Lecture Note 3
Computer abstraction and Technology
defining performance can be tricky!
- Response Time : How long it takes to do a task
- Throughput : Total work done per unit time
- more emphasized in parallel programming
- replacing processor with a faster version
- add more processors -> more tasks in the same time (increasing throughput)
Relative performance
Performacne = 1 / (Execution time)
if X is $n$ times faster than Y, the excution time of Y takes $n$ times longer
Measuring execution time
-
Elapsed time (Total response time)
- includes CPU time, disk access, network access, os overhead, idle time, etc.
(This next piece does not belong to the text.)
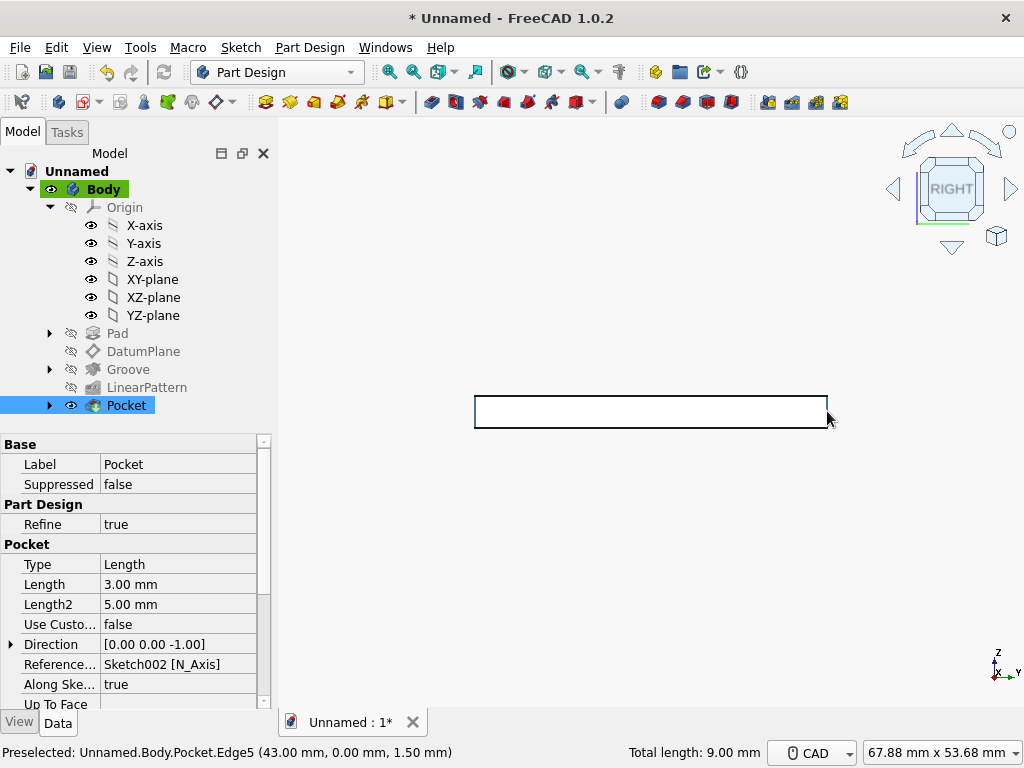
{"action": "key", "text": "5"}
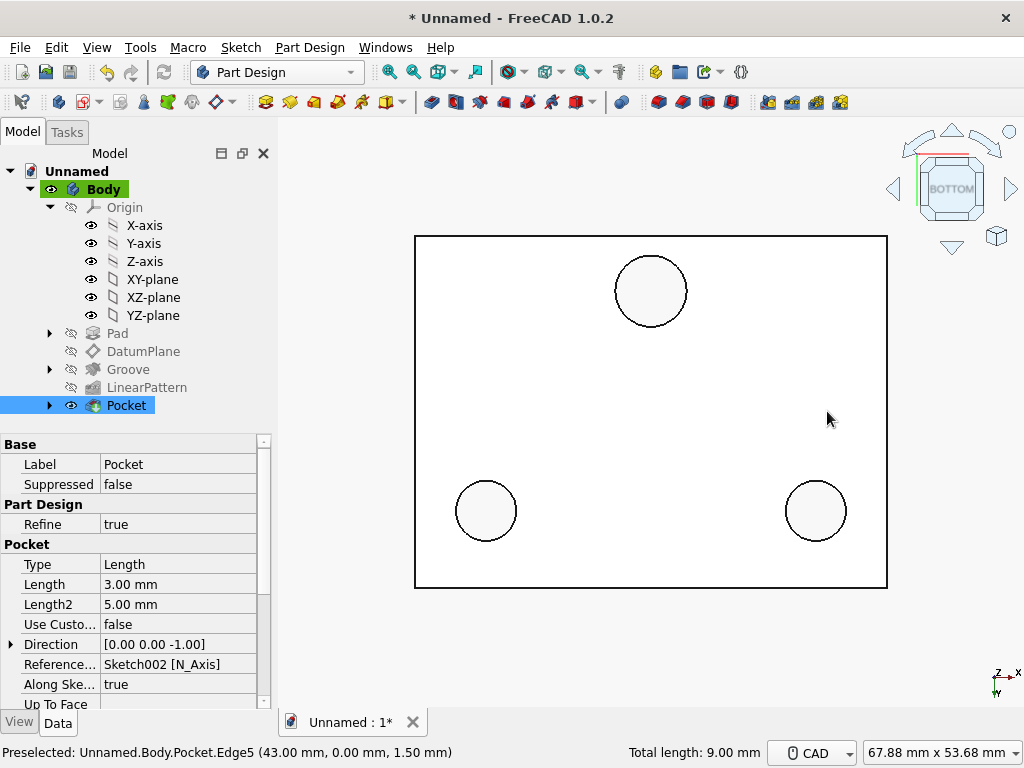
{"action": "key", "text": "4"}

- measuring the whoe system performance at once
-
CPU time (time spent processing a given job)
- user CPU time + system CPU time
(Clock Rate) = (Clock Cycle) / (CPU time) (CPU time) = (Clock Cycle) / (Clock Rate)
(CPU clock cycles used) * (clock time per cycle) = (cpu clock cycles) / (clock rate)
-
Improving performance
- reducing clock cycle #
- increase clock rate
- clock rate vs cycle count? : increagin clock rate can cause more clock cycles
-
Instruction counts: Determined by program, ISA, compiler, etc.
(Clock cycles) = (Cycles per Instruction) * (Instruction #) (CPU Time) = (Instruction #) * (CPI) / (Clock Rate)j
Different instructions have different CPI: average CPI utilized
- $(\text{average CPI}) = \displaystyle \sum{(\text{CPI}_{\text{instruction}})} \cdot (\text{Relative frequency of instruction})$
CPU Clock
digital hardward generating constant-rate clock
- synchronized circuits utilizing the clock cycles of cpu
Performance summary
$$ \text{CPU time} = \frac{\text{instruction #}}{\text{Program}} \cdot \frac{\text{Clock cycle #}}{\text{Instruction #}} \cdot \frac{\text{clock cycle time}}{\text{Clock cycle #}} $$
- Power consumption
9Power consumption) = (capacitive load) * (frequency) * (voltage) ** 2
- power wall! (around 2003)
- we cannot reduce voltage: reliability problems
- we cannot reduce heat: temperature of cpu increase as as power consumption increases
introduction to multicore processor (from unicore-processor)
- Multiprocessors: hard to program (explicit parallel programming)
- c.f. instruction level parallelism (ILP)
Amdahl's Law
$$ T_{\text{improved}} = \frac{T_{\text{affected}}}{\text{improvement factor}} + T_{\text{unaffected}} $$
we should make the affected portion large enough to improve the overall performance!